Yes. An employee's actions of inquiring about business opportunities with an employer's customer while still employed can constitute a breach of the duty of loyalty, creating a genuine issue of material fact that must be decided by a jury. The court reasoned that while an employee has the right to prepare to enter into competition, the duty of loyalty prohibits them from soliciting the employer's customers for themselves. There is no precise line between permissible 'preparation' and prohibited 'solicitation'; it is a matter of degree and a question of fact for the jury. Koering's admission that she 'inquired about possible opportunities' with RSI's major customer, Beverly, was sufficient to create a factual issue as to whether she crossed that line. It is irrelevant that RSI did not have existing contracts with the specific facilities, as Beverly was an RSI customer, and Koering's duty was to secure business for RSI, not for herself. Because a fact issue exists for the breach of loyalty claim, summary judgment is also inappropriate for the unfair competition claim, which is based on the same conduct.
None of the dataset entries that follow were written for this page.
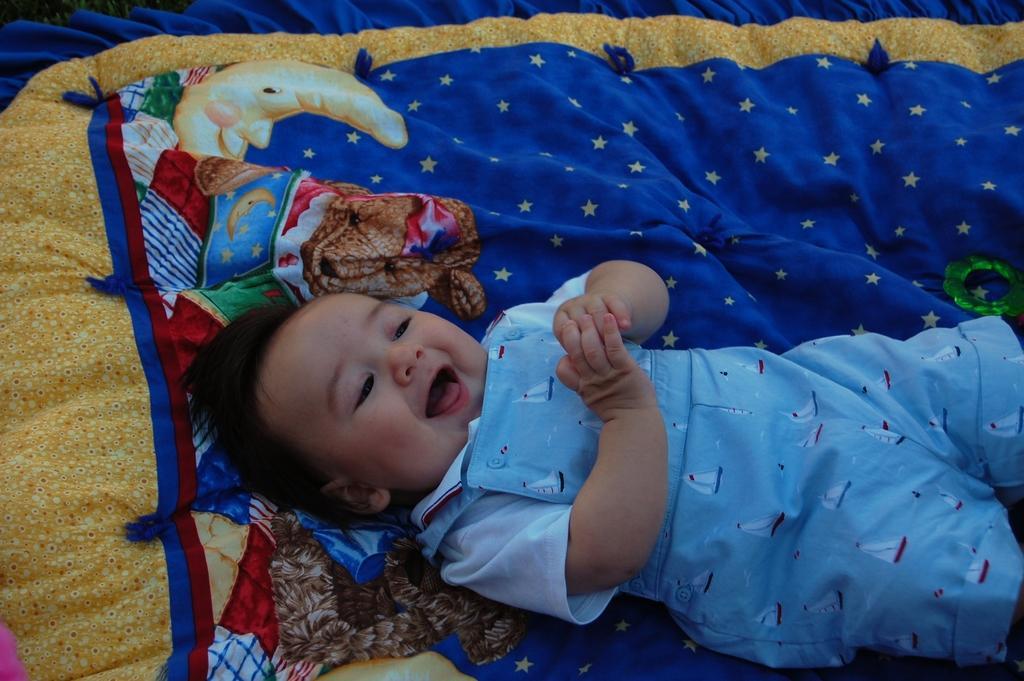Could you give a brief overview of what you see in this image? The picture consists of a baby. The baby is smiling. At the bottom we can see a blue color cloth. 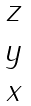<formula> <loc_0><loc_0><loc_500><loc_500>\begin{matrix} z \\ y \\ x \end{matrix}</formula> 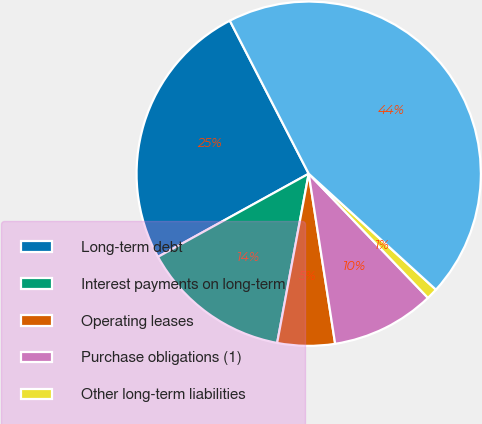Convert chart to OTSL. <chart><loc_0><loc_0><loc_500><loc_500><pie_chart><fcel>Long-term debt<fcel>Interest payments on long-term<fcel>Operating leases<fcel>Purchase obligations (1)<fcel>Other long-term liabilities<fcel>Total contractual obligations<nl><fcel>25.45%<fcel>14.04%<fcel>5.39%<fcel>9.72%<fcel>1.06%<fcel>44.34%<nl></chart> 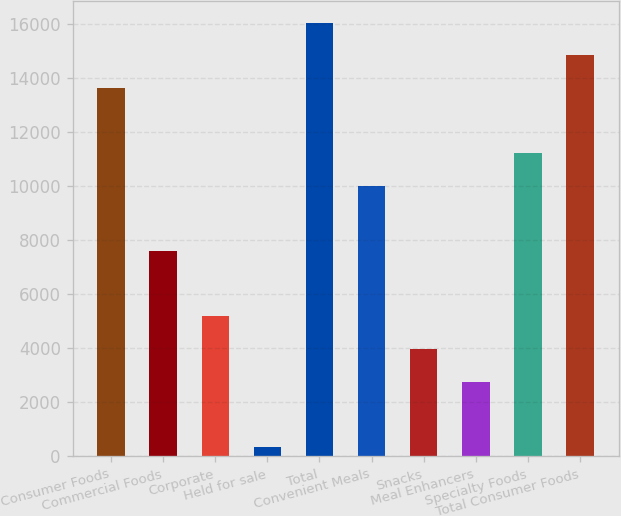Convert chart to OTSL. <chart><loc_0><loc_0><loc_500><loc_500><bar_chart><fcel>Consumer Foods<fcel>Commercial Foods<fcel>Corporate<fcel>Held for sale<fcel>Total<fcel>Convenient Meals<fcel>Snacks<fcel>Meal Enhancers<fcel>Specialty Foods<fcel>Total Consumer Foods<nl><fcel>13634.9<fcel>7590.78<fcel>5173.12<fcel>337.8<fcel>16052.6<fcel>10008.4<fcel>3964.29<fcel>2755.46<fcel>11217.3<fcel>14843.8<nl></chart> 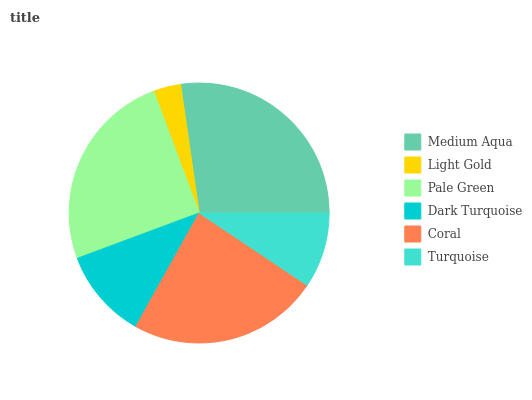Is Light Gold the minimum?
Answer yes or no. Yes. Is Medium Aqua the maximum?
Answer yes or no. Yes. Is Pale Green the minimum?
Answer yes or no. No. Is Pale Green the maximum?
Answer yes or no. No. Is Pale Green greater than Light Gold?
Answer yes or no. Yes. Is Light Gold less than Pale Green?
Answer yes or no. Yes. Is Light Gold greater than Pale Green?
Answer yes or no. No. Is Pale Green less than Light Gold?
Answer yes or no. No. Is Coral the high median?
Answer yes or no. Yes. Is Dark Turquoise the low median?
Answer yes or no. Yes. Is Light Gold the high median?
Answer yes or no. No. Is Coral the low median?
Answer yes or no. No. 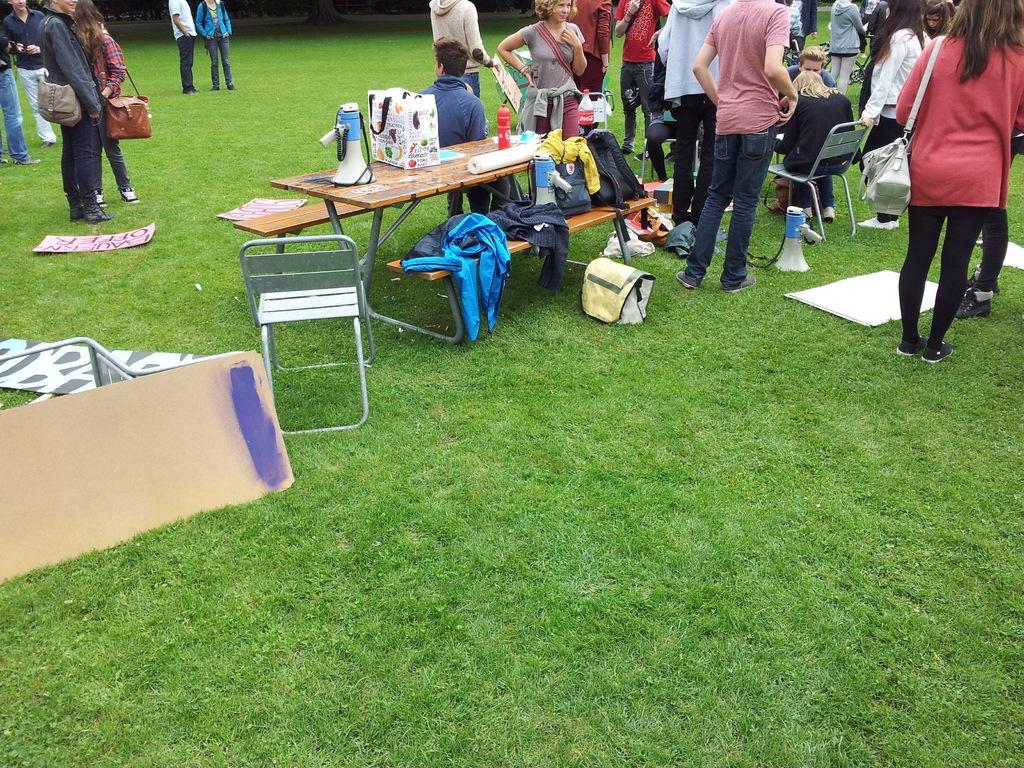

Similarly, factual issues exist as to whether the company manual Koering took constitutes a trade secret and whether its acquisition was improper, precluding summary judgment on the misappropriation claim.
Analysis:
This case clarifies the fact-intensive nature of an employee's duty of loyalty, particularly the distinction between permissible preparation and unlawful solicitation. It establishes that even indirect inquiries about future business with an employer's current customer can be sufficient to survive a summary judgment motion and create a triable issue for a jury. The decision serves as a caution to employees preparing to compete, highlighting that actions taken before resignation can lead to liability. For employers, it reinforces their ability to protect their client relationships from being usurped by departing employees, even without a formal non-compete agreement.